Bitcoin Runes is a token standard that provides much more efficient methods to create new fungible tokens. Created by Casey Rodarmor, it was launched on the 4th Bitcoin halving day and on the 840,000th block. 

Runes employ an efficient method of creating new cryptocurrencies from unspent transaction outputs (UTXOs) which till now just went to junk. 

The protocol brings great relief to developers, miners, creators and also to the entire ecosystem which has been reeling with the after effects of Bitcoin Halving. The protocol has several advantages over its predecessor and would likely see the same shining fate as of its senior cousin, the Bitcoin Ordinals.


Bitcoin Runes is a token standard that guides developers in the creation of new cryptocurrencies. These new cryptocurrencies are created as fungible tokens and can be easily developed with a little knowledge. 

The protocol was created by Casey Rodarmor who was also responsible for creating the Bitcoin Ordinals. The Ordinals protocol was key in introducing NFT-like features on the Bitcoin blockchain, something which was much greater than any expectation. 

This article explores every aspect of Bitcoin Runes, be it around its benefits, improvements over predecessors, technical information, jargons and also disadvantages. At the end we have also provided a few comments on its sustainability and its future.
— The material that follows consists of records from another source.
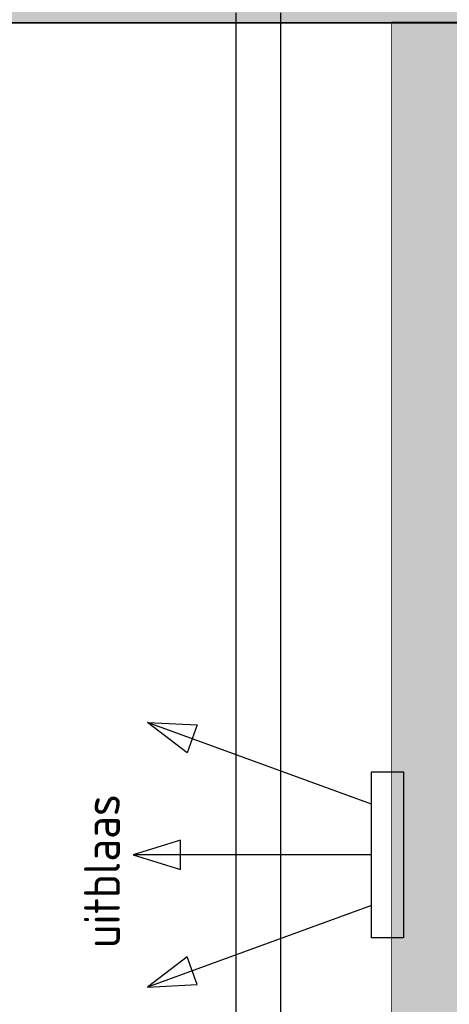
# Model space of a CAD drawing. Header units: millimetres. Extents: x 261 to 80476, y 988 to 41725.
# Tile 8 of 14: x 67402 to 68840, y 35533 to 38827. Entities that reach past the tile are written whole.
import ezdxf

# ---------------------------------------------------------------- set-up
doc = ezdxf.new("R2010")
doc.units = ezdxf.units.MM
doc.linetypes.add('ACAD_ISO02W100', pattern=[15, 12, -3])
for name, color, linetype in [('balken', 1, 'ACAD_ISO02W100'), ('H', 7, 'Continuous'), ('P', 7, 'Continuous'), ('ventilatieopening', 3, 'Continuous')]:
    doc.layers.add(name, color=color, linetype=linetype)

# ---------------------------------------------------------------- blocks, each defined once
blk = doc.blocks.new('uitblaas')
at = {"layer": 'ventilatieopening'}
for p, q in [((-107.2, 169.6), (-856.4, 442.3)), ((-107.2, 0), (-904.5, 0)), ((-107.2, -169.6), (-856.4, -442.3))]:
    blk.add_line(p, q, dxfattribs=at)
for points in [[(-856.4, 442.3), (-690, 434.4), (-723.9, 341.4)], [(-107.2, 277.6), (0, 277.6), (0, -277.6), (-107.2, -277.6)], [(-904.5, 0), (-745.4, -49.5), (-745.4, 49.5)], [(-856.4, -442.3), (-690, -434.4), (-723.9, -341.4)]]:
    blk.add_lwpolyline(points, close=True, dxfattribs=at)
at = {"layer": 'balken', "insert": (-1068.7, -311.7), "char_height": 120, "width": 2608.178, "attachment_point": 1, "rotation": 90}
blk.add_mtext('{\\Fisocp|c0;uitblaas}', dxfattribs=at)

msp = doc.modelspace()

# ---------------------------------------------------------------- hatches: boundary and pattern name
msp.add_hatch(color=256).paths.add_polyline_path([(71275.7, 38926.1), (3947.8, 38926.1), (3947.8, 38815.8), (71275.7, 38815.8)])
at = {"layer": 'H', "linetype": 'Continuous'}
msp.add_hatch(color=256, dxfattribs=at).paths.add_polyline_path([(68645.4, 38815.8), (68645.4, 20363.8), (68884.2, 20363.8), (68884.2, 38815.8), (68645.4, 38815.8), (68645.4, 38815.8)])

# ---------------------------------------------------------------- linework, layer by layer
msp.add_lwpolyline([(71275.7, 38926.1), (3947.8, 38926.1), (3947.8, 38815.8), (71275.7, 38815.8)], close=True)
at = {"layer": 'balken', "ltscale": 0.25}
for p, q in [((68125.2, 38849.1), (68125.2, 21904.4)), ((68275.2, 38849.1), (68275.2, 21904.4))]:
    msp.add_line(p, q, dxfattribs=at)
at = {"layer": 'P'}
msp.add_lwpolyline([(3947.8, 38926.1), (78372, 38926.1), (78372, 38815.8), (3947.8, 38815.8), (3947.8, 38926.1)], dxfattribs=at)
at = {"layer": 'P', "const_width": 2.22}
for points in [[(68645.4, 38819.2), (68645.4, 20363.8)], [(68645.4, 38819.2), (68884.2, 38819.2)]]:
    msp.add_lwpolyline(points, dxfattribs=at)

# ---------------------------------------------------------------- block references
at = {"layer": 'ventilatieopening'}
msp.add_blockref('uitblaas', (68686.2, 36033), dxfattribs=at)

doc.saveas('drawing.dxf')
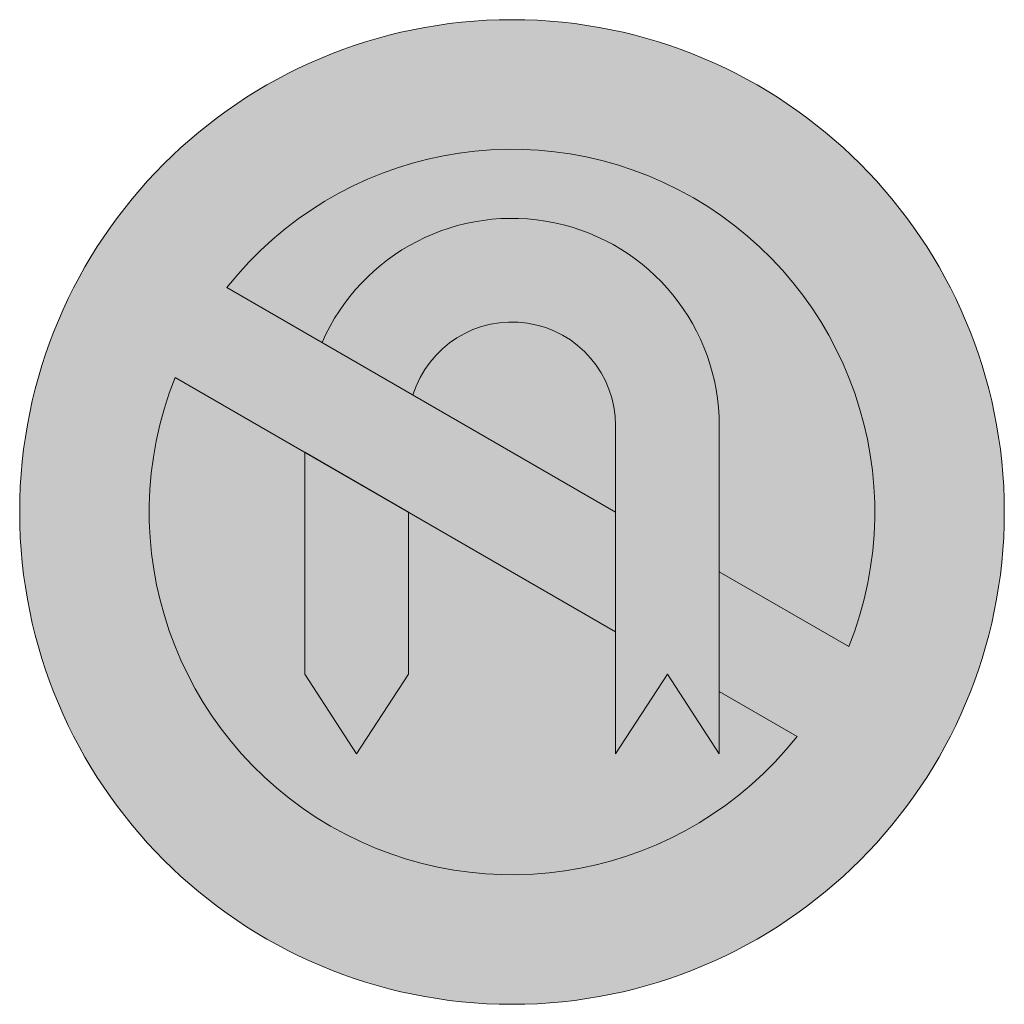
# Model space of a CAD drawing. Header units: metres. Extents: x -0.002 to 0.002, y -0.002 to 0.002.
import ezdxf

# ---------------------------------------------------------------- set-up
doc = ezdxf.new("R2010")
doc.units = ezdxf.units.M
doc.layers.add('VKZ_272-00_flf', color=1, linetype='Continuous', lineweight=0)
doc.layers.add('VKZ_272-00_sym', color=7, linetype='Continuous', lineweight=0)

msp = doc.modelspace()

# ---------------------------------------------------------------- hatches: boundary and pattern name
at = {"layer": 'VKZ_272-00_flf'}
h = msp.add_hatch(color=256, dxfattribs=at)
h.dxf.hatch_style = 1
h.paths.add_polyline_path([(-0.002000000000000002, 5.551115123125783e-17, 1), (0.002000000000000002, 5.551115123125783e-17, 1)])
h.paths.add_polyline_path([(0.001368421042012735, -0.0005469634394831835), (0.000842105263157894, -0.0002430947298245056), (0.000842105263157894, -0.0007292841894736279), (0.00115789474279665, -0.0009116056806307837, -0.8660254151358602), (-0.001368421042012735, 0.0005469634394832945), (0.0004210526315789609, -0.0004861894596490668), (0.0004210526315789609, 5.551115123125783e-17), (-0.00115789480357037, 0.0009116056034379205, -0.8660254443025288)], flags=16)
h.paths.add_polyline_path([(0.000842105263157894, -0.0009824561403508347), (0.0006315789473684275, -0.0006582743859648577), (0.0004210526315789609, -0.0009824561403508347), (0.0004210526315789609, 0.0003508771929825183, 0.8601978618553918), (-0.0004022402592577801, 0.0004753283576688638), (-0.0007714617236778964, 0.0006884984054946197, -0.8124169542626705), (0.000842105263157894, 0.0003508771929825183)], flags=0)
h.paths.add_polyline_path([(-0.0004210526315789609, 5.551115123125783e-17), (-0.0004210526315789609, -0.0006582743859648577), (-0.0006315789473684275, -0.0009824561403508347), (-0.000842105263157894, -0.0006582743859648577), (-0.000842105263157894, 0.0002430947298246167)], flags=0)
at = {"layer": 'VKZ_272-00_flf', "true_color": 0xffffff}
h = msp.add_hatch(color=7, dxfattribs=at)
h.dxf.hatch_style = 1
h.paths.add_polyline_path([(0.0004210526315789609, -0.0004861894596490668), (-0.0004210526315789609, 1.428277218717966e-10), (-0.0004210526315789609, -0.0006582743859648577), (-0.0006315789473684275, -0.0009824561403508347), (-0.000842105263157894, -0.0006582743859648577), (-0.000842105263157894, 0.0002430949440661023), (-0.001368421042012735, 0.0005469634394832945, 0.8660254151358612), (0.00115789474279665, -0.0009116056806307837), (0.000842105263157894, -0.0007292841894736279), (0.000842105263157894, -0.0009824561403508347), (0.0006315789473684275, -0.0006582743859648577), (0.0004210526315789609, -0.0009824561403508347)])
h.paths.add_polyline_path([(-0.00115789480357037, 0.0009116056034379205), (-0.0007714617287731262, 0.0006884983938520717, -0.8124169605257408), (0.000842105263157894, 0.0003508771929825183), (0.000842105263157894, -0.0002430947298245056), (0.001368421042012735, -0.0005469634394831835, 0.8660254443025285)])
h.paths.add_polyline_path([(-0.0004022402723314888, 0.0004753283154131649), (0.0004210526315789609, 5.551115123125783e-17), (0.0004210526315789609, 0.0003508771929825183, 0.8601979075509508)], flags=17)
at = {"layer": 'VKZ_272-00_sym'}
h = msp.add_hatch(color=256, dxfattribs=at)
h.dxf.hatch_style = 1
h.paths.add_polyline_path([(-0.0007714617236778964, 0.0006884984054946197), (-0.0004022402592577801, 0.0004753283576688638, -0.8601978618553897), (0.0004210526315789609, 0.0003508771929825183), (0.0004210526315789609, -0.0009824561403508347), (0.0006315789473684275, -0.0006582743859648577), (0.000842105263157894, -0.0009824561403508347), (0.000842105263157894, 0.0003508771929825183, 0.8124169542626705)])
h.paths.add_polyline_path([(-0.0004210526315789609, 5.551115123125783e-17), (-0.000842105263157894, 0.0002430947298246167), (-0.000842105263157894, -0.0006582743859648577), (-0.0006315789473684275, -0.0009824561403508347), (-0.0004210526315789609, -0.0006582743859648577)])

# ---------------------------------------------------------------- linework, layer by layer
msp.add_line((-0.0007714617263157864, 0.0006884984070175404), (-0.0004022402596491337, 0.0004753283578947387), dxfattribs=at)
msp.add_lwpolyline([(-0.0004022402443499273, 0.0004753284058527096, -0.8601978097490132), (0.0004210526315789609, 0.0003508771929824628), (0.0004210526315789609, -0.0009824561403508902), (0.0006315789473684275, -0.0006582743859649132), (0.000842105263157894, -0.0009824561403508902), (0.000842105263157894, 0.0003508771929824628, 0.8124169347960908), (-0.0007714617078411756, 0.0006884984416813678)], format="xyb", dxfattribs=at)
for points in [[(-0.001368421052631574, 0.0005469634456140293), (0.0004210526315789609, -0.0004861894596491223), (0.0004210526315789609, 0), (-0.001157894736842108, 0.0009116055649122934)], [(0.001368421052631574, -0.0005469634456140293), (0.000842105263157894, -0.0002430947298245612), (0.000842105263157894, -0.0007292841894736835), (0.001157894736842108, -0.0009116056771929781)]]:
    msp.add_lwpolyline(points, dxfattribs=at)
msp.add_lwpolyline([(-0.000842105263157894, -0.0006582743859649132), (-0.0006315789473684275, -0.0009824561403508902), (-0.0004210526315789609, -0.0006582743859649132), (-0.0004210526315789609, 0), (-0.000842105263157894, 0.0002430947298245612)], close=True, dxfattribs=at)
msp.add_circle((0, 0), 0.002, dxfattribs=at)
for start, end in [(338.2131960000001, 141.7867890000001), (158.2132109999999, 321.7867740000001)]:
    msp.add_arc((0, 0), 0.001473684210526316, start, end, dxfattribs=at)

doc.saveas('drawing.dxf')

Who Created The Runes Protocol

The Runes Protocol was first proposed by Casey Rodarmor, who also created the famous Bitcoin Ordinals in December 2022. Casey’s proposal sought to address the problems of BRC-20 protocol which left a huge amount of junk in the form of unspent transaction outputs or UTXOs. These UTXOs were created as a result of every successful transaction.

In the Bitcoin network, transaction outputs work in a similar way as “gas” in Ethereum but in a slightly different way. Consider that you were buying something worth $4.93 with a $5 bill. Now imagine what would happen if people could only transact with notes and no one accepted coins. Obviously, the 7 cent worth of coins would go to waste. 

The Bitcoin UTXOs are small quantities of Bitcoins that are used to pay for transaction fees. They are very similar to the loose 7 cents that no one accepts.

Motive for Creating Bitcoin Runes

The Bitcoin Runes were created primarily as an easy way to create memecoin-like cryptocurrencies. Upon seeing the success of memecoins in Solana (BONK, dogwifhat, and others), he was looking for a way to implement it in the Bitcoin network.

Here is a tweet from the creator himself on why he created Bitcoin Runes.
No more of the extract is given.